Records from a collection
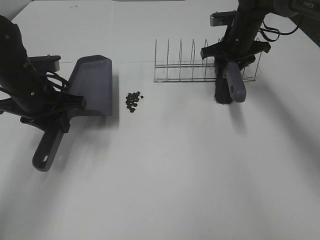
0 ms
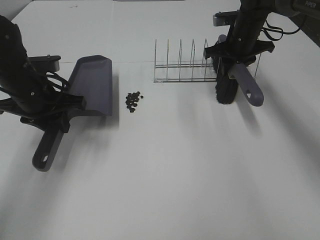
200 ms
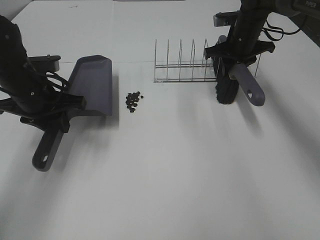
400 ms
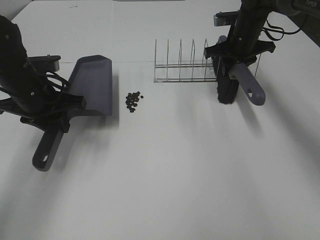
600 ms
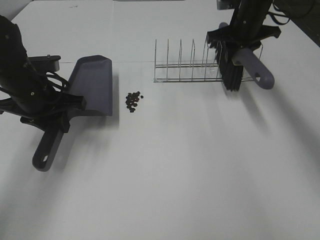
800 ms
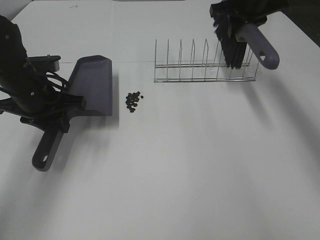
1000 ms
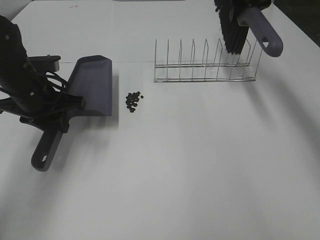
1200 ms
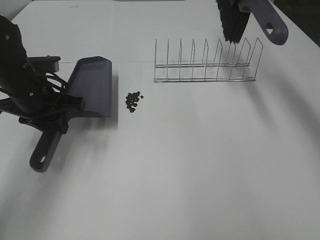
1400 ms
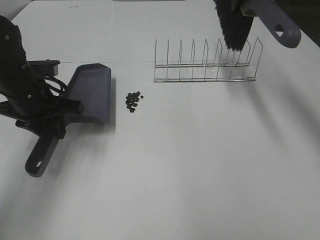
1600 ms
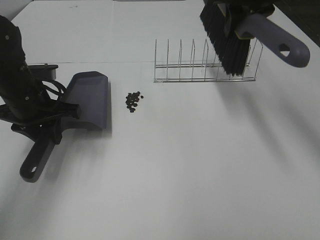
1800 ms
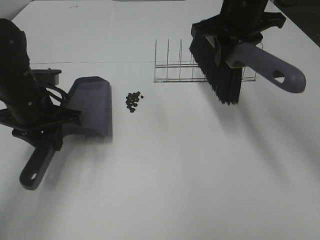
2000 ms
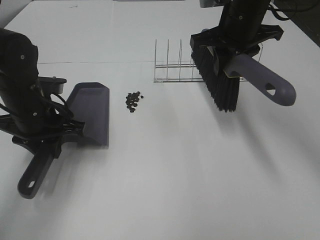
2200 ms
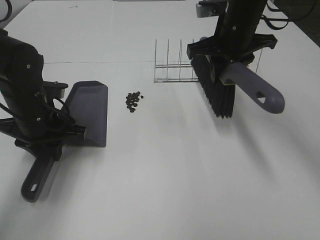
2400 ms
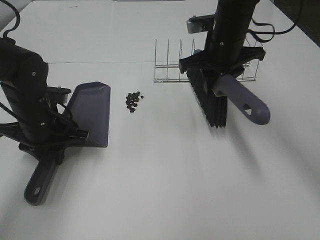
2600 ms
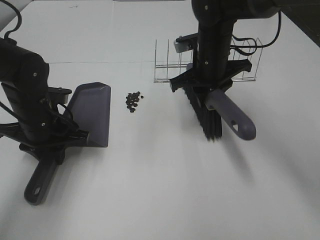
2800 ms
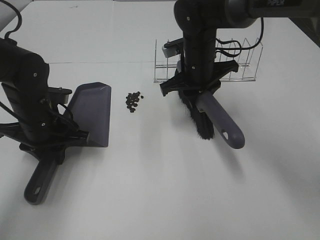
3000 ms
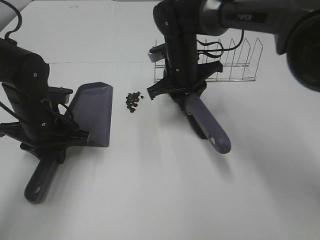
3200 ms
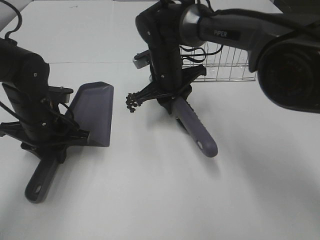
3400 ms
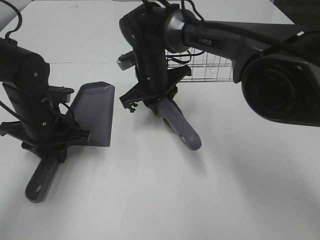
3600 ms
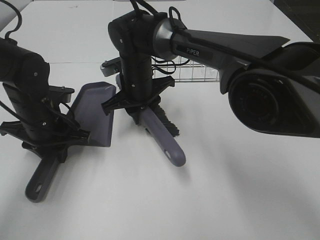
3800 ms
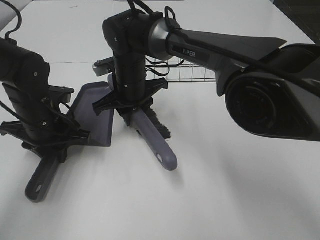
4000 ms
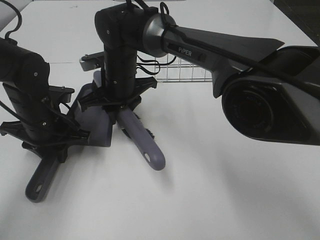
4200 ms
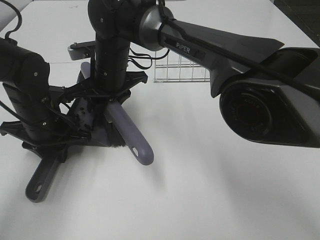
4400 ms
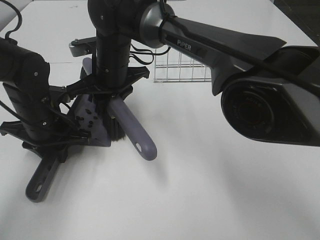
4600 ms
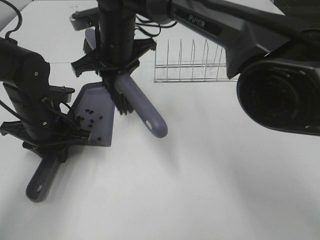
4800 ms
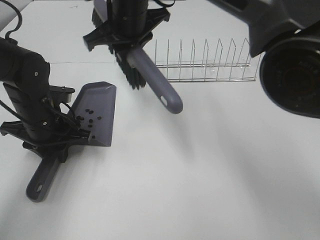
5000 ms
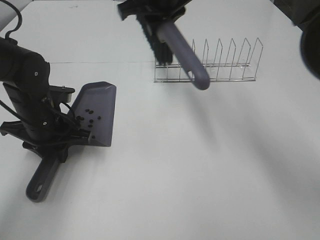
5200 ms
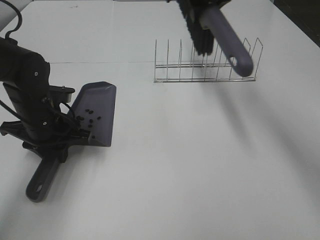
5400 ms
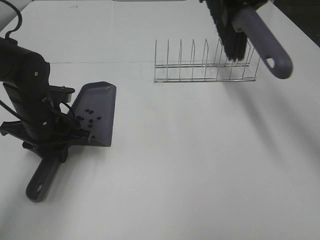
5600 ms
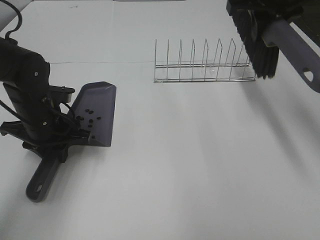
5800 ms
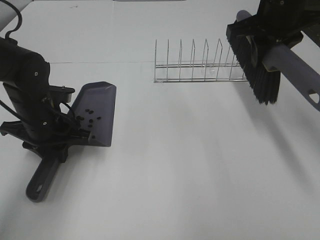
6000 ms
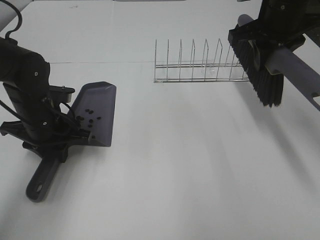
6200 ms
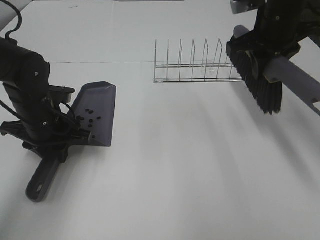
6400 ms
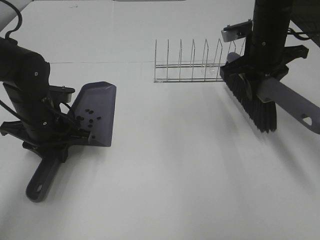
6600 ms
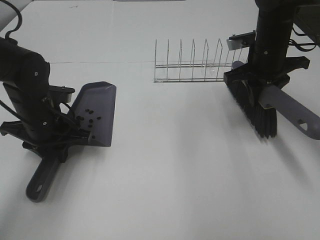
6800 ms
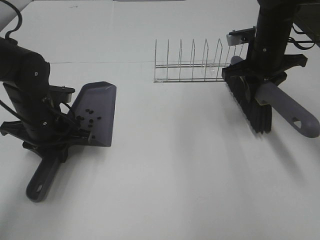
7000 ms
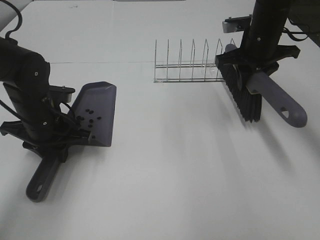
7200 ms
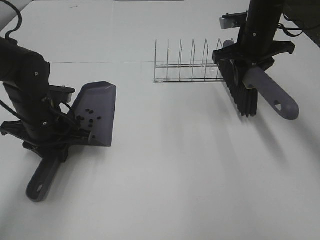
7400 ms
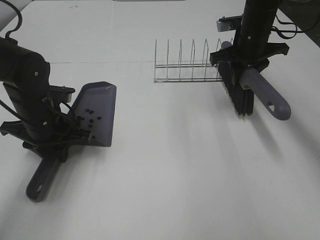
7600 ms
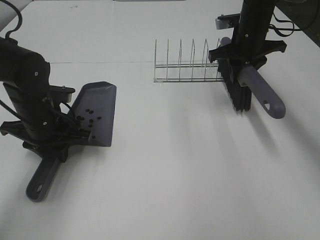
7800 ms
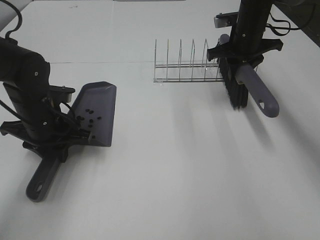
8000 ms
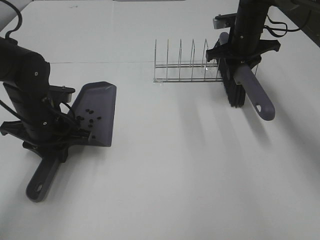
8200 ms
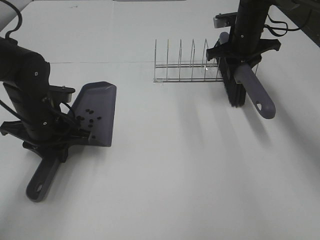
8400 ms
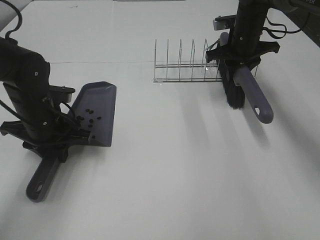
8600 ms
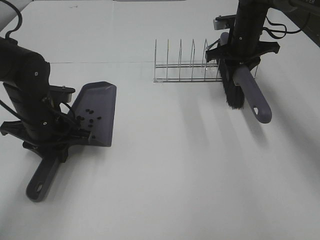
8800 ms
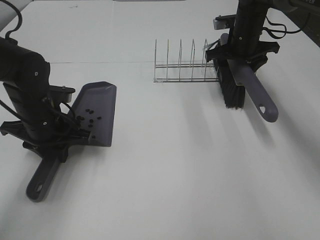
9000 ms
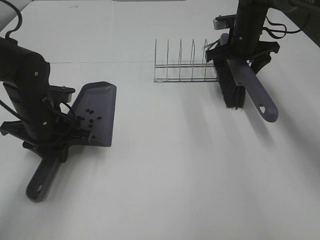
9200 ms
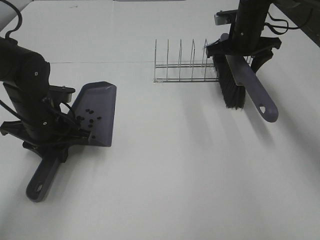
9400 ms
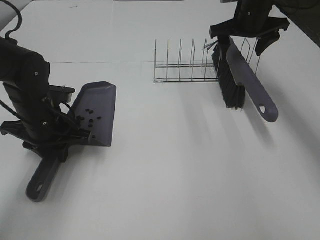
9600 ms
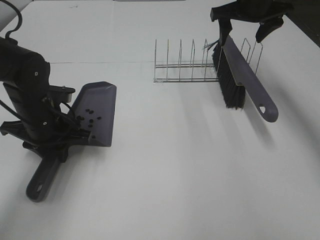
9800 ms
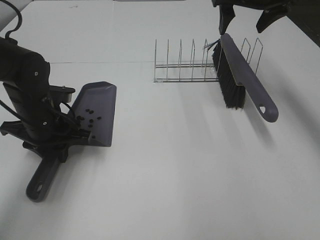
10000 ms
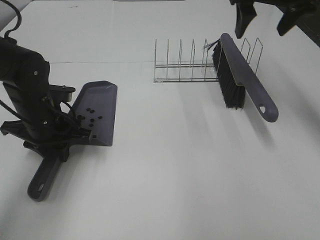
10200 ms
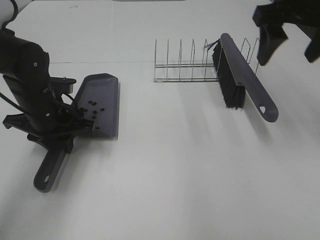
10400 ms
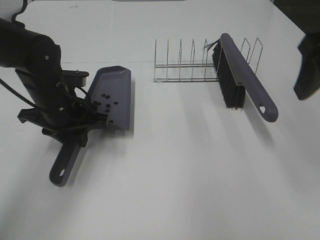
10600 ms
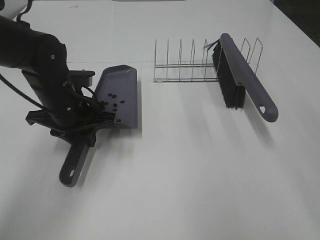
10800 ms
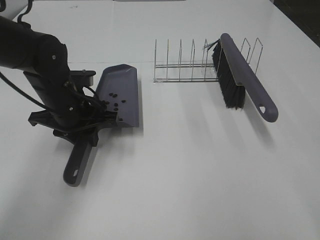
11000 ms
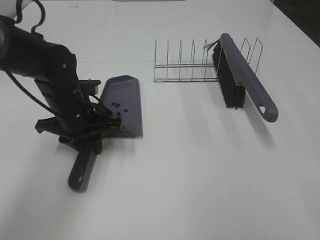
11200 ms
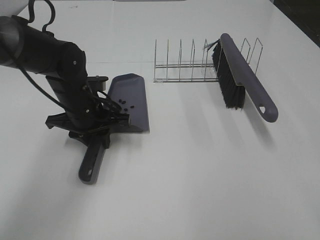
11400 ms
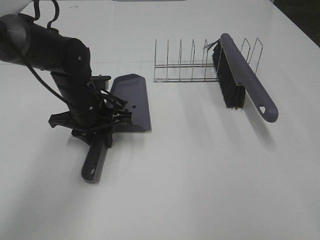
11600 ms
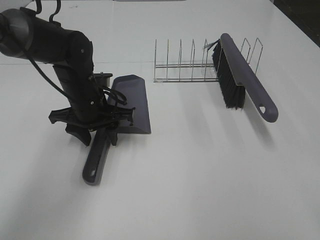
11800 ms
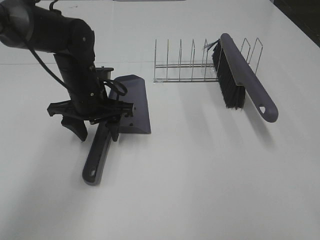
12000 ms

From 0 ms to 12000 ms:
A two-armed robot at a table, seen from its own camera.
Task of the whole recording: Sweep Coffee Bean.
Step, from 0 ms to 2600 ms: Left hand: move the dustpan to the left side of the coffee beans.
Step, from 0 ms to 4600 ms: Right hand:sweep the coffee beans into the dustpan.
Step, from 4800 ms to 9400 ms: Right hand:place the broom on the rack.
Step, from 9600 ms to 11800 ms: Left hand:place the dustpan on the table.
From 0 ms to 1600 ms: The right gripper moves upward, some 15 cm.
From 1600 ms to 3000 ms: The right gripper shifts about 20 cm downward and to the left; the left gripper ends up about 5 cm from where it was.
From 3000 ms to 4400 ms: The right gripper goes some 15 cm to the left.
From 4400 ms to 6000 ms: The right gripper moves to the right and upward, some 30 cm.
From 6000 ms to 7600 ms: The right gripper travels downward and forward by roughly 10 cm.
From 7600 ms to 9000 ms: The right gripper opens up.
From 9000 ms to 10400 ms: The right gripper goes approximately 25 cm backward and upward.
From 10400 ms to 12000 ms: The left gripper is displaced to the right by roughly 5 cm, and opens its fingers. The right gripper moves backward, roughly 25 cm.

_What the task asks_
Transcribe all the lines above exactly, apart from the pictures.

_Written response_
0 ms
200 ms
400 ms
600 ms
800 ms
1000 ms
1200 ms
1400 ms
1600 ms
1800 ms
2000 ms
2200 ms
2400 ms
2600 ms
2800 ms
3000 ms
3200 ms
3400 ms
3600 ms
3800 ms
4000 ms
4200 ms
4400 ms
4600 ms
4800 ms
5000 ms
5200 ms
5400 ms
5600 ms
5800 ms
6000 ms
6200 ms
6400 ms
6600 ms
6800 ms
7000 ms
7200 ms
7400 ms
7600 ms
7800 ms
8000 ms
8200 ms
8400 ms
8600 ms
8800 ms
9000 ms
9200 ms
9400 ms
9600 ms
9800 ms
10000 ms
10200 ms
10400 ms
10600 ms
10800 ms
11000 ms
11200 ms
11400 ms
11600 ms
11800 ms
12000 ms

From 0 ms to 12000 ms:
A two-armed robot at a table, seen from its own camera.
Task of the whole recording: Sweep Coffee Bean.
Step, from 0 ms to 2600 ms: Left hand: move the dustpan to the left side of the coffee beans.
Step, from 0 ms to 4600 ms: Right hand:sweep the coffee beans into the dustpan.
Step, from 4800 ms to 9400 ms: Right hand:place the broom on the rack.
Step, from 9600 ms to 11800 ms: Left hand:place the dustpan on the table.
From 0 ms to 1600 ms: The right gripper moves upward, some 15 cm.
From 1600 ms to 3000 ms: The right gripper shifts about 20 cm downward and to the left; the left gripper ends up about 5 cm from where it was.
From 3000 ms to 4400 ms: The right gripper goes some 15 cm to the left.
From 4400 ms to 6000 ms: The right gripper moves to the right and upward, some 30 cm.
From 6000 ms to 7600 ms: The right gripper travels downward and forward by roughly 10 cm.
From 7600 ms to 9000 ms: The right gripper opens up.
From 9000 ms to 10400 ms: The right gripper goes approximately 25 cm backward and upward.
From 10400 ms to 12000 ms: The left gripper is displaced to the right by roughly 5 cm, and opens its fingers. The right gripper moves backward, roughly 25 cm.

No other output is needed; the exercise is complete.